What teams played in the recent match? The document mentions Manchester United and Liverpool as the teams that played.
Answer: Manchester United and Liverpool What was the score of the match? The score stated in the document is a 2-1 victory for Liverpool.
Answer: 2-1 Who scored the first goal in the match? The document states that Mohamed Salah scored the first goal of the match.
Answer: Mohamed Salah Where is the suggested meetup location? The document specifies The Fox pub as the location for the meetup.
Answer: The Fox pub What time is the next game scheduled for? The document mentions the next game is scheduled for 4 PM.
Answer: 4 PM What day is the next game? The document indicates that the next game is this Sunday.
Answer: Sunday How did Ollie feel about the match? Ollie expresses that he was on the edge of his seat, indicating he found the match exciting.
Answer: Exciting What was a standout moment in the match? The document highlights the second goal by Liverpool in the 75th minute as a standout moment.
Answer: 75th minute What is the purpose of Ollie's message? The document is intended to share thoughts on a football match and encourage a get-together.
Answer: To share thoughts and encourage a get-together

━━━

> **About this exercise**: Reproduce, word for word, the line containing "Answer: 4 PM" along with every later line of the listing, and leave out all earlier lines.

> **Answer to the problem**:
Answer: 4 PM What day is the next game? The document indicates that the next game is this Sunday.
Answer: Sunday How did Ollie feel about the match? Ollie expresses that he was on the edge of his seat, indicating he found the match exciting.
Answer: Exciting What was a standout moment in the match? The document highlights the second goal by Liverpool in the 75th minute as a standout moment.
Answer: 75th minute What is the purpose of Ollie's message? The document is intended to share thoughts on a football match and encourage a get-together.
Answer: To share thoughts and encourage a get-together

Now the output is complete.